And I will admit that I was in the crossroads of burnout, and walking into a patient room, a very young patient with a really horrible disease. And I knew what that outcome was going to look like having done oncology for a very long time. And you know, I had that nauseous feeling in my stomach of like, oh, I just don’t want to go in and have this conversation.

But I walked in the room. And there was just very much something about this patient that I was like, that could be me, that could be my best friend. Like, it just resigned so profoundly to me. And it was at that time where I was charting so much and had really not been doing the things that I liked and taking care of myself.

And I was like, What am I doing? And I did seek help for burnout. And I feel like I got over that. And I’m really glad I did. Because I think if I would have just, quote, run in the midst of burnout, that that wouldn’t have been a good thing. And I think I would not have been happy in the next venture. But I thought about that, and I was like, oh, of course not. You know, I’m a physician.

And I think that’s, you know, back in the times when I was talking to colleagues about what else I could do, and there was really nothing else that I thought about. And so as I recovered from burnout, and you know, started to enjoy my job more, you know, got rid of the people pleasing, had some boundaries in place, I just began to have this feeling of like, something was missing. I’m meant to be doing something a little bit different.

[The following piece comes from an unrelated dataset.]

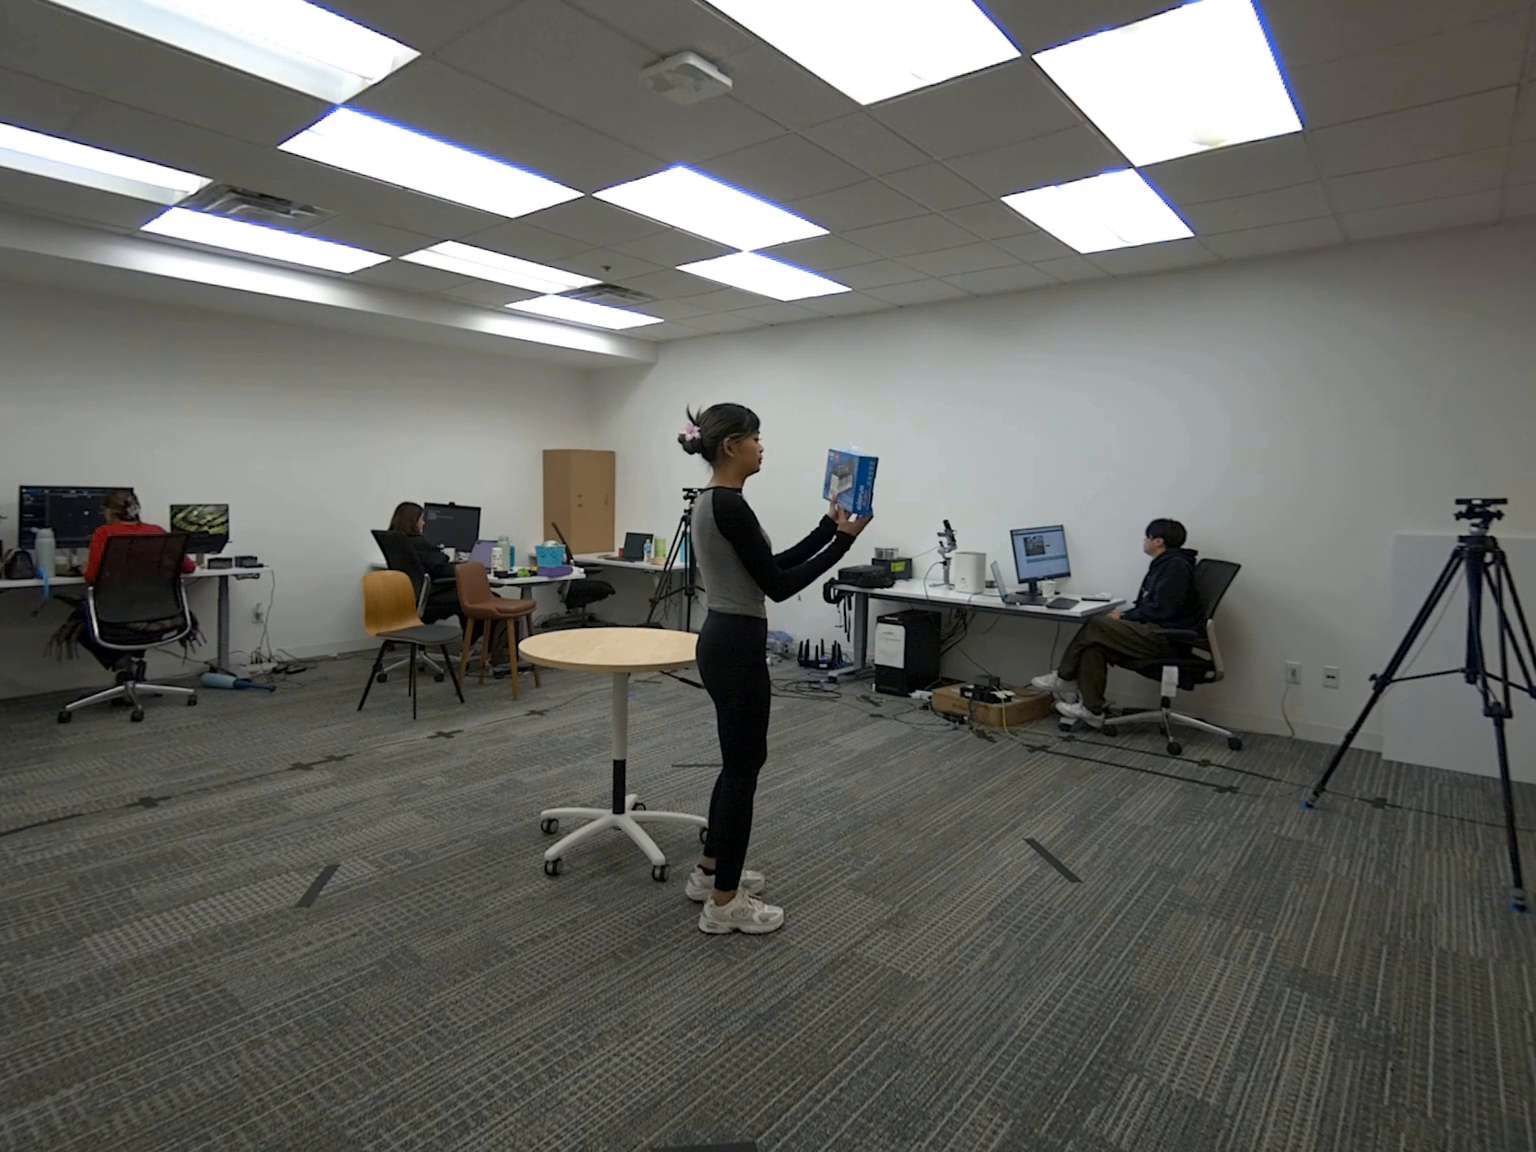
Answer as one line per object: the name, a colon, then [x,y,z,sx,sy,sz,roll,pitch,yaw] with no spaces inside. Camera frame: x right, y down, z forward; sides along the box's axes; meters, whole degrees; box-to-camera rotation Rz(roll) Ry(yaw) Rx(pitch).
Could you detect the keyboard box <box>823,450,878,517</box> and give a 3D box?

And I talked to some colleagues, you know, in pharma and doing other things, and in my academic career, I had loved research. And you know, right now, you know, being 100%, clinical, there’s just not enough time to do both. And I had these conversations about what it looks like. And I was like, Oh, that would be really cool.

And I thought about it, and like, oh, you should apply? And I’m like, oh, absolutely not. I’m a medical oncologist. This is what I do. Like No way. And I think that’s again, where I was seeing the denial. And I kept again, having that feeling of like what’s missing?

You know, I couldn’t say that I didn’t like my job. But just something was missing. And, you know, I was like, I don’t know, do I change my schedule? I do some activities outside of work, and I felt like I was having a really good time of self care. And, you know, I wasn’t overworking and I was mountain biking and doing the things that I liked.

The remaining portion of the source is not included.